Example 2 A thermal transfer recording medium was obtained in the same manner except that the coloring dye of Example 1 was changed to Neozapon Blue807 (manufactured by BASF), and image recording was carried out. As a result, a cyan color excellent in gradation as shown in the figure was obtained. Image was recorded.

Example 3 The colored dye of Example 1 was used as Neozapon Yellow073 (manufactured by BASF).
When a heat-sensitive transfer recording medium was obtained in the same manner as described above except that the above was changed to, an yellow image having excellent gradation as shown in the figure was recorded.

Comparative Example 1 Recording was carried out in the same manner as in Example using a commercially available thermal recording medium (manufactured by Fuji Kagaku Shimbun), and the results are shown in the figure.
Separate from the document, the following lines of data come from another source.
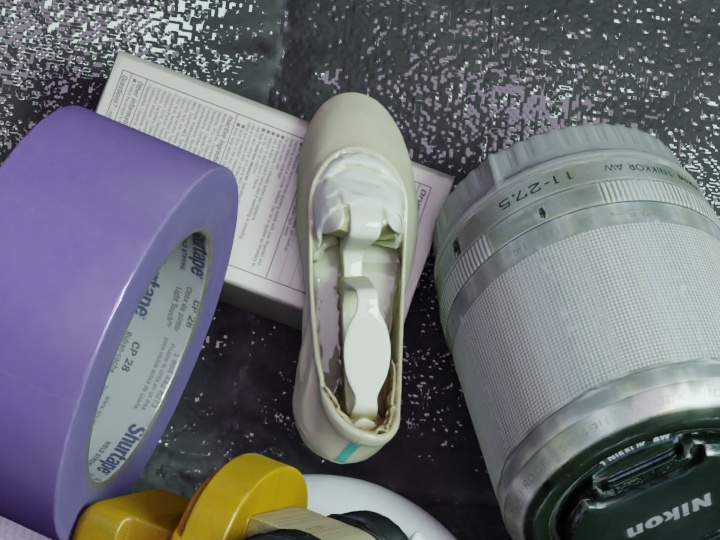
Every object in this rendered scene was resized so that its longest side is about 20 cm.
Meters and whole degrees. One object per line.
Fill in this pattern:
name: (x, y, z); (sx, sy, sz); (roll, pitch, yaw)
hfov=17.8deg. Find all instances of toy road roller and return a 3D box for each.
toy road roller: (-0.072, 0.187, 1.118); (0.145, 0.123, 0.201); (19, 98, 22)

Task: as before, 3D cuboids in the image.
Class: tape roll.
tape roll: (-0.139, 0.027, 1.127); (0.084, 0.200, 0.201); (23, 78, 9)

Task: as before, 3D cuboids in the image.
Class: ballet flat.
ballet flat: (0.000, 0.000, 1.206); (0.069, 0.069, 0.202); (2, 81, -9)

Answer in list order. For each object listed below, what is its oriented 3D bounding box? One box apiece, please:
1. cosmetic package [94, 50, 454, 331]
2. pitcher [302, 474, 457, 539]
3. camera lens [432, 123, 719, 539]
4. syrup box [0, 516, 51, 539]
cosmetic package: (-0.060, -0.035, 1.272); (0.199, 0.073, 0.104); (22, 79, -6)
pitcher: (0.037, 0.181, 1.207); (0.199, 0.172, 0.122); (33, 44, -4)
camera lens: (0.130, 0.045, 1.193); (0.159, 0.161, 0.201); (-9, 52, -11)
syrup box: (-0.235, 0.133, 1.213); (0.198, 0.079, 0.082); (10, 80, -8)
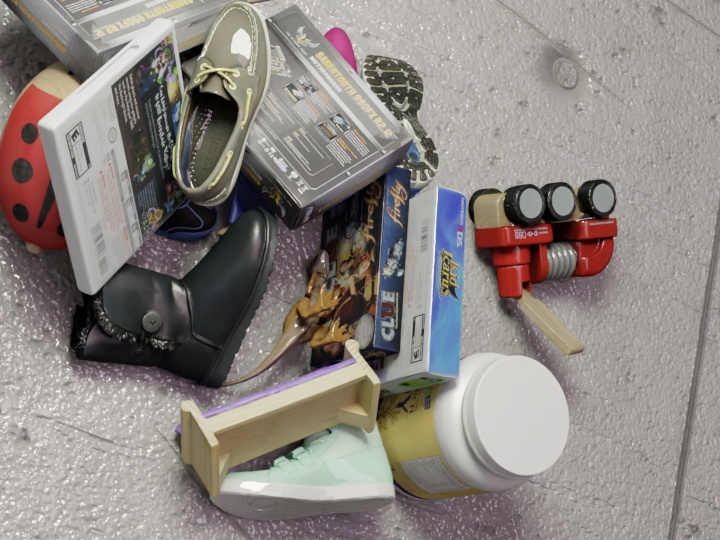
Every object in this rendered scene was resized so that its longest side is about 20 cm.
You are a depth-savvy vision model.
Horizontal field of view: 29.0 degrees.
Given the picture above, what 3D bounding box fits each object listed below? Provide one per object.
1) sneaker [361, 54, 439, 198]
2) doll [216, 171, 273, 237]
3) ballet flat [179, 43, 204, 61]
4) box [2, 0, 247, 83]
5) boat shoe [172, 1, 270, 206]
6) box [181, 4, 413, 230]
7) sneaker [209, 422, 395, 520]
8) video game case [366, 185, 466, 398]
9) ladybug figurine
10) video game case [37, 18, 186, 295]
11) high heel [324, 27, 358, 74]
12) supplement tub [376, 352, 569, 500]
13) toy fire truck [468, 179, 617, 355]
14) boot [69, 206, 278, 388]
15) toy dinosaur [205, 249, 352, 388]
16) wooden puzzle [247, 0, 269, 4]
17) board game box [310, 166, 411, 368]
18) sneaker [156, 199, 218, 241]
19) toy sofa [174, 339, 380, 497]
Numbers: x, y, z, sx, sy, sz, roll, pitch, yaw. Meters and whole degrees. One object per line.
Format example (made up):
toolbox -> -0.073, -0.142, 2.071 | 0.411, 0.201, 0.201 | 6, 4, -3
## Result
sneaker -> 0.030, -0.163, 1.602 | 0.078, 0.089, 0.201 | 6, 56, -24
doll -> -0.096, -0.121, 1.503 | 0.136, 0.048, 0.201 | 30, 72, -57
ballet flat -> -0.169, -0.250, 1.506 | 0.200, 0.067, 0.063 | 38, 53, -19
box -> -0.233, -0.273, 1.357 | 0.158, 0.048, 0.200 | 44, 48, 16
boat shoe -> -0.134, -0.163, 1.337 | 0.072, 0.060, 0.203 | 12, 89, 8
box -> -0.069, -0.160, 1.429 | 0.158, 0.048, 0.200 | -34, 77, -30
sneaker -> -0.067, 0.194, 1.459 | 0.199, 0.074, 0.119 | 1, 62, -23
video game case -> 0.044, 0.030, 1.495 | 0.045, 0.181, 0.201 | 14, 71, -29
ladybug figurine -> -0.281, -0.106, 1.335 | 0.135, 0.072, 0.201 | 17, 102, -10
video game case -> -0.220, -0.106, 1.302 | 0.182, 0.023, 0.201 | -51, 150, -38
high heel -> -0.018, -0.192, 1.564 | 0.067, 0.096, 0.201 | 19, 69, -26
supplement tub -> 0.114, 0.168, 1.492 | 0.145, 0.200, 0.146 | 9, 73, -30
toy fire truck -> 0.235, -0.005, 1.670 | 0.175, 0.128, 0.201 | -6, 92, -33
boot -> -0.187, 0.013, 1.388 | 0.167, 0.076, 0.201 | 18, 100, -29
toy dinosaur -> -0.065, 0.064, 1.474 | 0.060, 0.106, 0.200 | 49, 55, -21
wooden puzzle -> -0.216, -0.332, 1.475 | 0.184, 0.037, 0.200 | -18, 60, -34
board game box -> 0.000, 0.000, 1.504 | 0.034, 0.135, 0.201 | 14, 70, -28
sneaker -> -0.222, -0.100, 1.425 | 0.200, 0.078, 0.070 | 33, 63, -20
toy sofa -> -0.086, 0.137, 1.406 | 0.199, 0.083, 0.098 | -19, 49, -24
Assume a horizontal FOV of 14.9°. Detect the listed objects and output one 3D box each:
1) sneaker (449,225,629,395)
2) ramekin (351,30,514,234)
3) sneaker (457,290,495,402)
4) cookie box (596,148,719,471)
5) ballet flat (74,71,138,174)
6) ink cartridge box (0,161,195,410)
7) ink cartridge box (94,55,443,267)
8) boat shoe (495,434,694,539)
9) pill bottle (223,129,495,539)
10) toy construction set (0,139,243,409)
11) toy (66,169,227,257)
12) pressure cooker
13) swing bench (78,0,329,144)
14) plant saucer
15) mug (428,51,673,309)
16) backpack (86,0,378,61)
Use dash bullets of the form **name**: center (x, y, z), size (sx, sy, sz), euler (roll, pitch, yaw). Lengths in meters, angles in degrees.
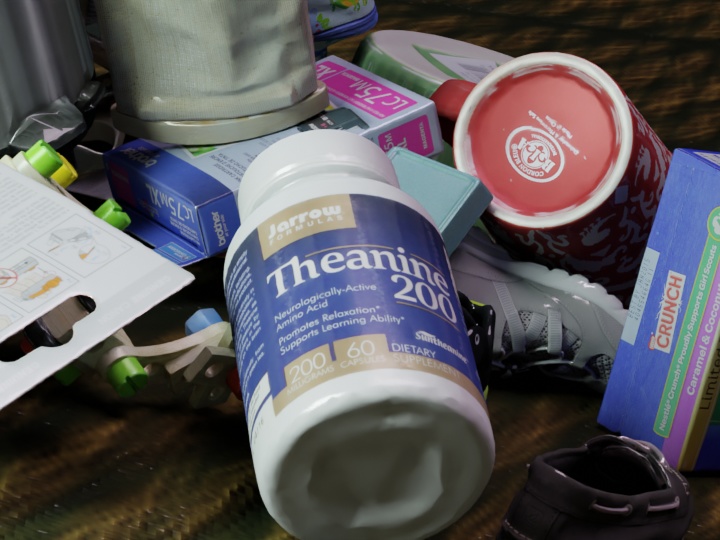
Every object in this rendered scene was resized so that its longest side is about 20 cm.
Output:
- **sneaker**: center (0.081, 0.036, 1.608), size (0.200, 0.082, 0.075), euler (27, -27, -12)
- **ramekin**: center (0.073, -0.099, 1.977), size (0.200, 0.098, 0.200), euler (16, 15, -5)
- **sneaker**: center (0.023, 0.052, 1.429), size (0.072, 0.083, 0.200), euler (20, 16, 12)
- **cookie box**: center (0.249, 0.027, 1.606), size (0.200, 0.172, 0.075), euler (3, 18, -41)
- **ballet flat**: center (-0.149, -0.089, 1.691), size (0.200, 0.069, 0.071), euler (-13, 40, -10)
- **ink cartridge box**: center (-0.202, 0.011, 1.289), size (0.200, 0.047, 0.160), euler (28, 43, 28)
- **ink cartridge box**: center (-0.065, -0.064, 1.627), size (0.200, 0.042, 0.119), euler (-27, 30, -23)
- **boat shoe**: center (0.127, 0.111, 1.388), size (0.067, 0.057, 0.200), euler (24, 17, 21)
- **pill bottle**: center (-0.006, 0.027, 1.315), size (0.111, 0.111, 0.200), euler (11, 39, -21)
- **toy construction set**: center (-0.136, 0.010, 1.412), size (0.200, 0.092, 0.131), euler (35, -3, 29)
- **toy**: center (-0.070, -0.037, 1.675), size (0.200, 0.047, 0.115), euler (12, 31, 42)
- **pressure cooker**: center (-0.239, -0.126, 1.564), size (0.178, 0.200, 0.176), euler (-10, 32, 4)
- **swing bench**: center (-0.122, -0.199, 1.611), size (0.130, 0.199, 0.200), euler (-20, 39, -15)
- **plant saucer**: center (0.000, 0.000, 1.519), size (0.070, 0.019, 0.200), euler (22, 48, 18)
- **mug**: center (0.109, -0.051, 1.678), size (0.177, 0.134, 0.200), euler (7, -12, 17)
- **backpack**: center (-0.091, -0.187, 1.947), size (0.200, 0.147, 0.183), euler (-22, 27, -24)
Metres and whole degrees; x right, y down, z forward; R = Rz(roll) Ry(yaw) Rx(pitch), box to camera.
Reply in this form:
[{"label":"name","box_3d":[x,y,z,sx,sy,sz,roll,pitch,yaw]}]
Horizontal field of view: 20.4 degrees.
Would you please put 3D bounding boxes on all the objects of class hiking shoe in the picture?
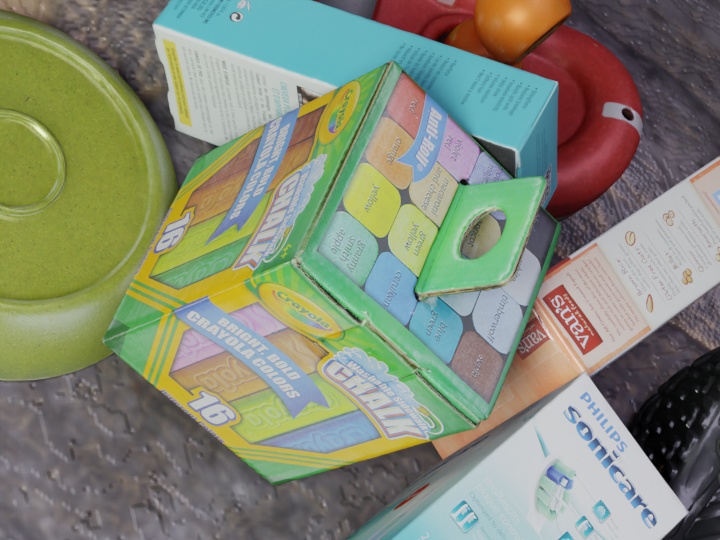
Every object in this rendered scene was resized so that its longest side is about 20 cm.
[{"label":"hiking shoe","box_3d":[0.188,0.132,1.064,0.100,0.076,0.201,38,62,-19]}]

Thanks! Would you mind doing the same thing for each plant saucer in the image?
[{"label":"plant saucer","box_3d":[-0.172,-0.047,0.959,0.199,0.031,0.202,13,61,-24]}]

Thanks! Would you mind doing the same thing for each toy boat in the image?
[{"label":"toy boat","box_3d":[0.069,-0.115,1.071,0.199,0.131,0.131,26,56,-16]}]

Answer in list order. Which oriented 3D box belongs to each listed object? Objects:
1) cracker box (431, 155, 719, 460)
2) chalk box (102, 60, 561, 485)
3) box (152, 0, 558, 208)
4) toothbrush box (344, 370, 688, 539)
[{"label":"cracker box","box_3d":[0.127,0.015,1.038,0.199,0.134,0.058,-32,85,-38]},{"label":"chalk box","box_3d":[0.000,0.000,0.917,0.124,0.199,0.125,42,51,-22]},{"label":"box","box_3d":[-0.002,-0.081,0.984,0.199,0.083,0.049,21,58,18]},{"label":"toothbrush box","box_3d":[0.032,0.150,0.908,0.200,0.146,0.086,-35,87,-37]}]
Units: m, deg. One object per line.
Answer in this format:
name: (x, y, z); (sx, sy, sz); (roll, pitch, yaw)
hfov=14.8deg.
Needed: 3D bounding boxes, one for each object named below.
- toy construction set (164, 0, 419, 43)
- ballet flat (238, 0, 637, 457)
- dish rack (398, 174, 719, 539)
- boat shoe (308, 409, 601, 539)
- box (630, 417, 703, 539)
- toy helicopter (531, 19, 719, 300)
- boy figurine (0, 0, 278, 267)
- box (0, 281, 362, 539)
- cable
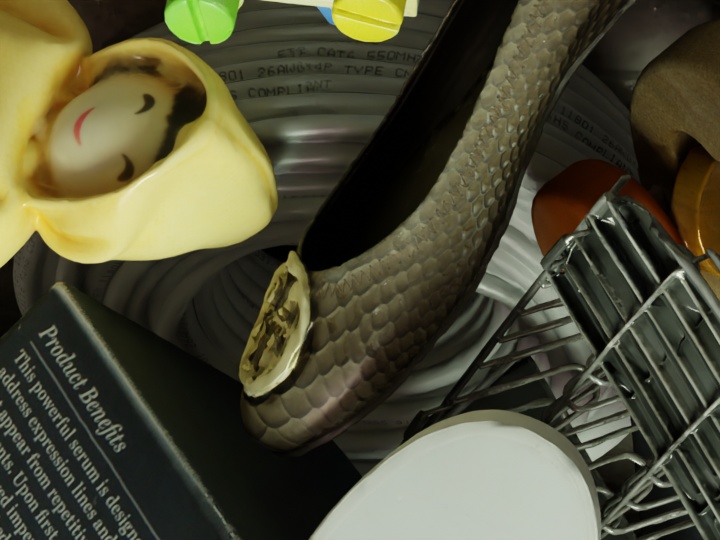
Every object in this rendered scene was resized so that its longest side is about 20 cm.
toy construction set: (-0.074, -0.113, 0.652); (0.199, 0.093, 0.131); (2, 147, -13)
ballet flat: (0.024, -0.044, 0.676); (0.046, 0.067, 0.200); (32, 97, -28)
dish rack: (0.077, 0.067, 0.664); (0.054, 0.154, 0.200); (-24, 164, -24)
boat shoe: (0.006, 0.119, 0.668); (0.072, 0.066, 0.201); (19, 106, 6)
box: (0.182, 0.090, 0.827); (0.147, 0.105, 0.200); (-12, 163, 24)
toy helicopter: (0.138, 0.024, 0.680); (0.200, 0.079, 0.132); (54, 160, -1)
boy figurine: (-0.119, -0.041, 0.711); (0.199, 0.125, 0.065); (19, 154, 15)
box: (-0.087, 0.125, 0.743); (0.200, 0.107, 0.148); (-42, 148, 8)
cable: (0.000, 0.000, 0.811); (0.199, 0.070, 0.200); (-25, 134, 35)
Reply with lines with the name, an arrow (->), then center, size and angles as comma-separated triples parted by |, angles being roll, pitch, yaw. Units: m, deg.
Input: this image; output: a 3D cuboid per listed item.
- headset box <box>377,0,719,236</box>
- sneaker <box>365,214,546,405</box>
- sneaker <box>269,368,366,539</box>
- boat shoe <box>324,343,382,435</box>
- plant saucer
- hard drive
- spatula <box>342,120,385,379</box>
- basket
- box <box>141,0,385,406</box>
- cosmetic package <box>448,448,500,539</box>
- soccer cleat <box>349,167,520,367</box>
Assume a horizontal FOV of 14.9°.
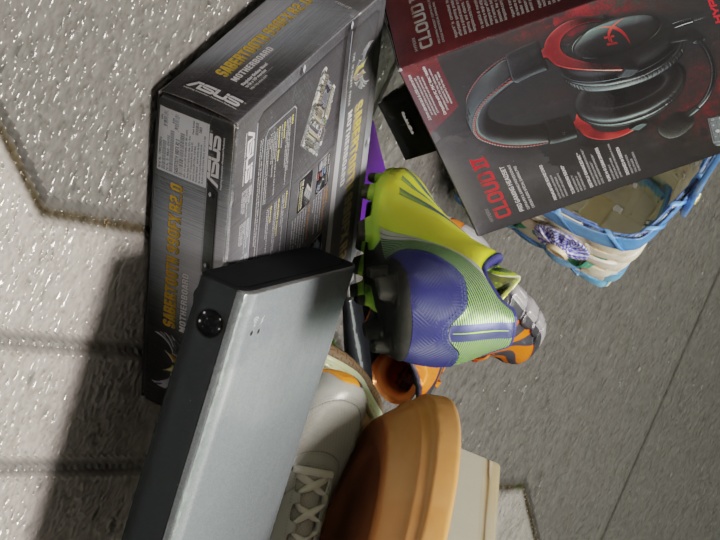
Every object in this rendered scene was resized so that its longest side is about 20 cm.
headset box -> 0.109, -0.112, 1.489 | 0.149, 0.200, 0.075 | 63, 12, -47
sneaker -> 0.049, 0.042, 1.777 | 0.112, 0.078, 0.200 | -60, 149, -10
sneaker -> -0.042, 0.152, 1.532 | 0.076, 0.092, 0.200 | 17, 108, -37
boat shoe -> -0.030, 0.103, 1.623 | 0.076, 0.072, 0.200 | -55, 158, -18
plant saucer -> 0.004, 0.161, 1.519 | 0.200, 0.037, 0.200 | -163, -90, -80
hard drive -> -0.070, 0.091, 1.415 | 0.140, 0.033, 0.200 | -16, 126, -67
spatula -> 0.000, 0.000, 1.623 | 0.057, 0.021, 0.200 | -51, 148, -54
basket -> 0.145, -0.090, 1.721 | 0.139, 0.176, 0.200 | -50, 165, -33
box -> -0.051, -0.041, 1.444 | 0.158, 0.048, 0.200 | -48, 153, -46
cosmetic package -> 0.028, 0.200, 1.650 | 0.200, 0.073, 0.104 | -83, -162, -53
soccer cleat -> 0.040, 0.000, 1.454 | 0.200, 0.084, 0.065 | -102, -164, -68
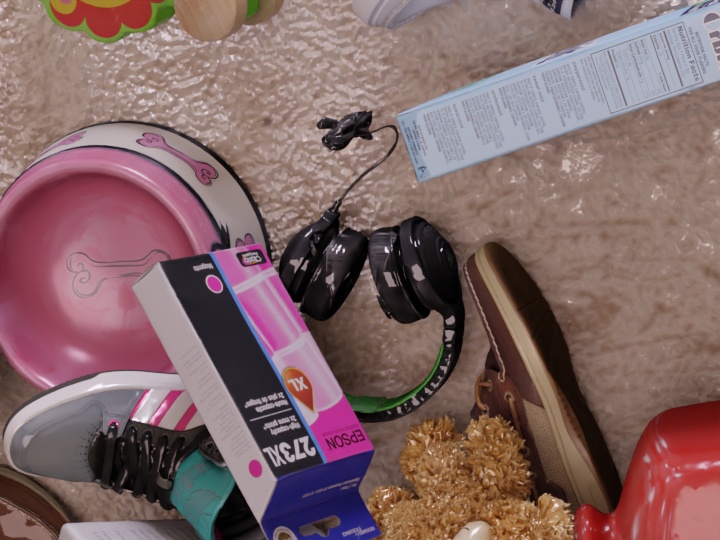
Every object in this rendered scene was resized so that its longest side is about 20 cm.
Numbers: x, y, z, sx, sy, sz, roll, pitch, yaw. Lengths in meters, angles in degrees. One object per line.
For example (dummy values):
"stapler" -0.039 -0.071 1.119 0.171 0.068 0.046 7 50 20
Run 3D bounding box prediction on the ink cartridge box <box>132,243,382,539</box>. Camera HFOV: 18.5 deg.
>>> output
"ink cartridge box" -0.055 0.079 1.349 0.037 0.095 0.200 -38 74 37

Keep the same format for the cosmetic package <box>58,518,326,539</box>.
"cosmetic package" -0.088 0.264 1.392 0.165 0.200 0.165 34 114 44

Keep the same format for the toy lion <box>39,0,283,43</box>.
"toy lion" -0.140 -0.238 1.400 0.191 0.069 0.201 19 118 22

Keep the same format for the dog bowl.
"dog bowl" -0.163 0.004 1.459 0.199 0.074 0.201 3 101 16

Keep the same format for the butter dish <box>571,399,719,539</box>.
"butter dish" 0.197 0.159 1.303 0.147 0.200 0.200 -2 100 5

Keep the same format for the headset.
"headset" 0.000 0.000 1.397 0.123 0.094 0.201 2 101 16

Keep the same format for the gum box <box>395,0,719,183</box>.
"gum box" 0.138 -0.112 1.293 0.199 0.170 0.045 -18 95 20

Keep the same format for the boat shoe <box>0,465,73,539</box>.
"boat shoe" -0.293 0.166 1.530 0.199 0.072 0.076 20 106 12

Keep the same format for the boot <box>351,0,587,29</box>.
"boot" 0.094 -0.187 1.342 0.200 0.074 0.096 -38 82 19

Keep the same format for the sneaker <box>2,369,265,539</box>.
"sneaker" -0.117 0.126 1.381 0.199 0.121 0.084 -4 122 -15

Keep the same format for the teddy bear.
"teddy bear" 0.056 0.155 1.346 0.145 0.200 0.067 -45 120 13

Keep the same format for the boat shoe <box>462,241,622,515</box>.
"boat shoe" 0.100 0.082 1.398 0.072 0.072 0.200 -22 100 18
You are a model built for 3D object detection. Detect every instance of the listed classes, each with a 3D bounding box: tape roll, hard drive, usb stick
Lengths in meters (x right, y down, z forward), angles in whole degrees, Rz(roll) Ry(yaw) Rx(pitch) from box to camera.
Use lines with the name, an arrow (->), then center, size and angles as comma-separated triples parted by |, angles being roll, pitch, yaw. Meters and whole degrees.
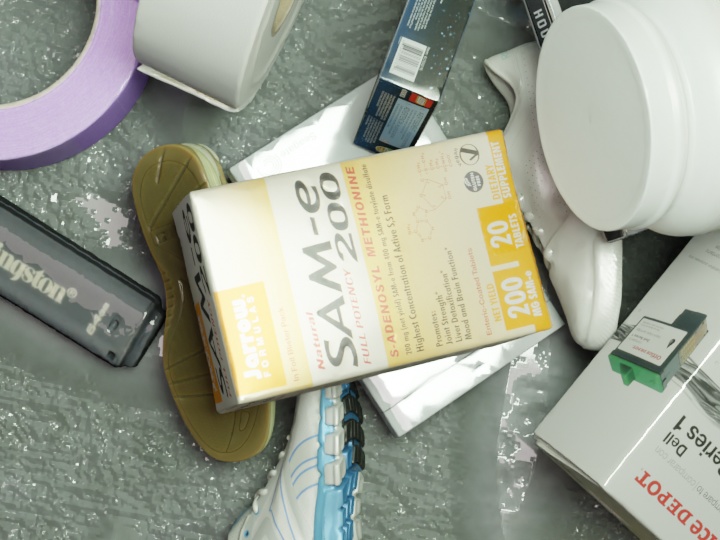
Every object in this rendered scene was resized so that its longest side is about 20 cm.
tape roll -> -0.062, -0.200, 0.915 | 0.070, 0.202, 0.204 | 24, 88, -1
tape roll -> -0.227, -0.166, 0.977 | 0.198, 0.066, 0.202 | 0, 88, -2
hard drive -> 0.023, -0.014, 0.991 | 0.131, 0.027, 0.201 | -33, 89, -10
usb stick -> -0.217, -0.008, 0.988 | 0.199, 0.033, 0.056 | 32, 88, -1

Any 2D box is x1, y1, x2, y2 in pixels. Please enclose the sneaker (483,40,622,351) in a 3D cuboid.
sneaker -> 0.118, -0.046, 0.983 | 0.088, 0.075, 0.202 | -5, 78, 0

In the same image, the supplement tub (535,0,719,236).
supplement tub -> 0.213, -0.100, 0.866 | 0.199, 0.145, 0.146 | -11, 89, -21

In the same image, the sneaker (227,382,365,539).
sneaker -> -0.042, 0.146, 0.972 | 0.086, 0.075, 0.202 | -2, 82, 15

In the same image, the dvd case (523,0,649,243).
dvd case -> 0.175, -0.130, 0.967 | 0.150, 0.025, 0.201 | -18, 89, -38

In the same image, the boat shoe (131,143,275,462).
boat shoe -> -0.091, 0.018, 0.981 | 0.073, 0.063, 0.202 | -16, 91, 19

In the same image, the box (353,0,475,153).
box -> 0.053, -0.177, 0.932 | 0.037, 0.137, 0.201 | 21, 78, -2

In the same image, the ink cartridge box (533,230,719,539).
ink cartridge box -> 0.225, 0.077, 0.945 | 0.146, 0.084, 0.200 | 40, 87, -31

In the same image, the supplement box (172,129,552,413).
supplement box -> 0.000, 0.000, 0.922 | 0.199, 0.073, 0.127 | -13, 86, -17
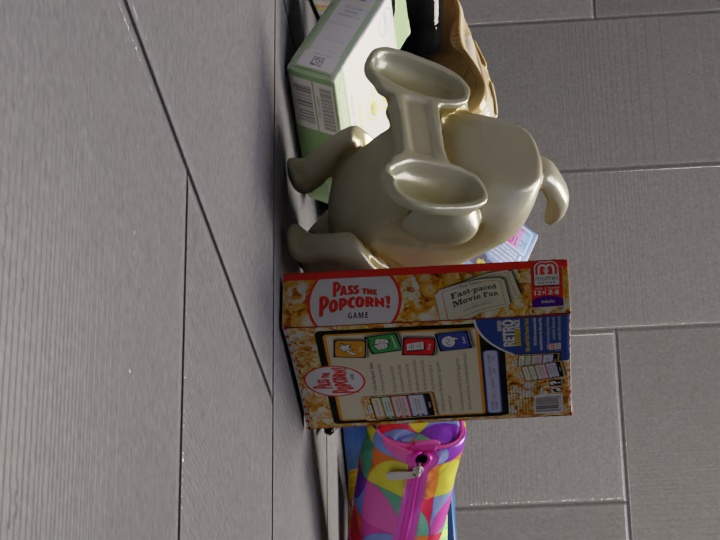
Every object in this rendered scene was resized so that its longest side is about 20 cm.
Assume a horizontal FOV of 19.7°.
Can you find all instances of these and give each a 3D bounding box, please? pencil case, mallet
[{"bbox_3d":[0.030,0.191,1.630,0.089,0.088,0.201,-85,-177,-59],"label":"pencil case"},{"bbox_3d":[0.048,-0.260,1.867,0.200,0.041,0.066,-95,-175,-60],"label":"mallet"}]

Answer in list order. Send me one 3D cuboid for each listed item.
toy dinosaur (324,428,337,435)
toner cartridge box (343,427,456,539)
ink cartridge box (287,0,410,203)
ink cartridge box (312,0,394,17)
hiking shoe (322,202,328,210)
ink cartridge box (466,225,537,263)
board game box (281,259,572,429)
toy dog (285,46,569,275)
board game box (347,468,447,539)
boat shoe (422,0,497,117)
[{"bbox_3d":[0.000,0.060,1.659,0.200,0.101,0.137,-122,-129,-72],"label":"toy dinosaur"},{"bbox_3d":[0.038,0.207,1.879,0.043,0.094,0.201,-82,167,-63],"label":"toner cartridge box"},{"bbox_3d":[0.010,-0.168,1.622,0.201,0.048,0.146,-58,154,-34],"label":"ink cartridge box"},{"bbox_3d":[-0.008,-0.277,1.762,0.200,0.067,0.118,54,34,-82],"label":"ink cartridge box"},{"bbox_3d":[-0.008,-0.118,1.779,0.087,0.074,0.201,52,29,-23],"label":"hiking shoe"},{"bbox_3d":[0.087,0.041,2.102,0.136,0.076,0.201,-34,-153,57],"label":"ink cartridge box"},{"bbox_3d":[0.051,0.055,1.475,0.152,0.198,0.047,81,7,-57],"label":"board game box"},{"bbox_3d":[0.032,-0.042,1.500,0.200,0.193,0.140,-50,-133,44],"label":"toy dog"},{"bbox_3d":[0.032,0.258,1.786,0.030,0.095,0.202,-20,-117,53],"label":"board game box"},{"bbox_3d":[0.075,-0.181,1.853,0.069,0.073,0.201,60,11,-45],"label":"boat shoe"}]

Comparative Example 2 Thermal recording was performed in the same manner as in Example 1 except that the heat-melt ink layer was a single layer having a thickness of about 7 μm (the total thickness of the first layer and the second layer of Example 1). The medium was obtained. Recording was performed in the same manner as in Example 1 using the comparative product thus obtained, and the results shown in the figure were obtained. As is apparent from the results in the figure, the thermal recording medium according to this comparative example can obtain an enlarged gradation property as compared with the comparative example 1, but the gradation property is considerably inferior as compared with the embodiment.

[Effect] As is clear from the above results, the thermosensitive recording medium of the present invention can provide a clear image with excellent gradation, which could not be obtained by the conventional thermosensitive recording medium.

[Brief description of drawings]

The figure is a gradation characteristic curve of a thermal recording medium according to the present invention and a comparative example.

Claims (1)

[Claims] 1. A first heat-meltable ink layer containing a heat-meltable substance which is solid at room temperature and a colorant in a fine porous structure made of a resin is provided on a support, and then the first heat-meltable ink layer is provided. A heat-sensitive transfer recording medium, characterized in that one or more hot-melt ink layers containing the same components as the melt-ink layer are laminated on the melt-ink layer.